BRIEF =>
Copy each line below that has "Floor".

SUPPLIED ENTRIES =>
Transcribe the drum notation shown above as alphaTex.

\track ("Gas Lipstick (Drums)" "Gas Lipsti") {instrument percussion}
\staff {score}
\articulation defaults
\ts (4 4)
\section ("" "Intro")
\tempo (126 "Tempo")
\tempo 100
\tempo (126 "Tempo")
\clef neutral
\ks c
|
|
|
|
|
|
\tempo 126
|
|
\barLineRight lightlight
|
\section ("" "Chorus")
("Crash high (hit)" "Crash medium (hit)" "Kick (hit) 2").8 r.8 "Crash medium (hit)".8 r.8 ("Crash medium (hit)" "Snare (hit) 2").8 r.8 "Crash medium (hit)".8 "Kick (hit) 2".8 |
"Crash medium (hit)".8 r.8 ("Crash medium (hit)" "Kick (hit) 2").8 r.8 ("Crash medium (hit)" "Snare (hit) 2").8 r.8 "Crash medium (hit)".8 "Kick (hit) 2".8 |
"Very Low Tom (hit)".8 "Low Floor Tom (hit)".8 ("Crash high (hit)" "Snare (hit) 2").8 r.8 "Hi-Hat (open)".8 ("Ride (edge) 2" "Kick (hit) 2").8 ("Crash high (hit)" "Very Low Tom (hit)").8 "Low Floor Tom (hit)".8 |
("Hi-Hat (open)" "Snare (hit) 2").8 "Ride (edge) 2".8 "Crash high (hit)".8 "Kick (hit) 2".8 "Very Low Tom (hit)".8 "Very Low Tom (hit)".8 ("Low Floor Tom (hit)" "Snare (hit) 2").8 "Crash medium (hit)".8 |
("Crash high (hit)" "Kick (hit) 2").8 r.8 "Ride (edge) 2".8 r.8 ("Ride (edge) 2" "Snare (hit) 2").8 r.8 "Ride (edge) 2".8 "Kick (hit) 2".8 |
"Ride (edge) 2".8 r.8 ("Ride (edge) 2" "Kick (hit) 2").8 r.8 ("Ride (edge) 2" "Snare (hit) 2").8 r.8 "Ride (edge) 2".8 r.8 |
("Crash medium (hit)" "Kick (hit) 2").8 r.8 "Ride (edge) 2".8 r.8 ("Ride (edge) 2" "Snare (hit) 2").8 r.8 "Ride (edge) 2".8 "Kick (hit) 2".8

RESULT FOR THIS EXERCISE =>
"Very Low Tom (hit)".8 "Low Floor Tom (hit)".8 ("Crash high (hit)" "Snare (hit) 2").8 r.8 "Hi-Hat (open)".8 ("Ride (edge) 2" "Kick (hit) 2").8 ("Crash high (hit)" "Very Low Tom (hit)").8 "Low Floor Tom (hit)".8 |
("Hi-Hat (open)" "Snare (hit) 2").8 "Ride (edge) 2".8 "Crash high (hit)".8 "Kick (hit) 2".8 "Very Low Tom (hit)".8 "Very Low Tom (hit)".8 ("Low Floor Tom (hit)" "Snare (hit) 2").8 "Crash medium (hit)".8 |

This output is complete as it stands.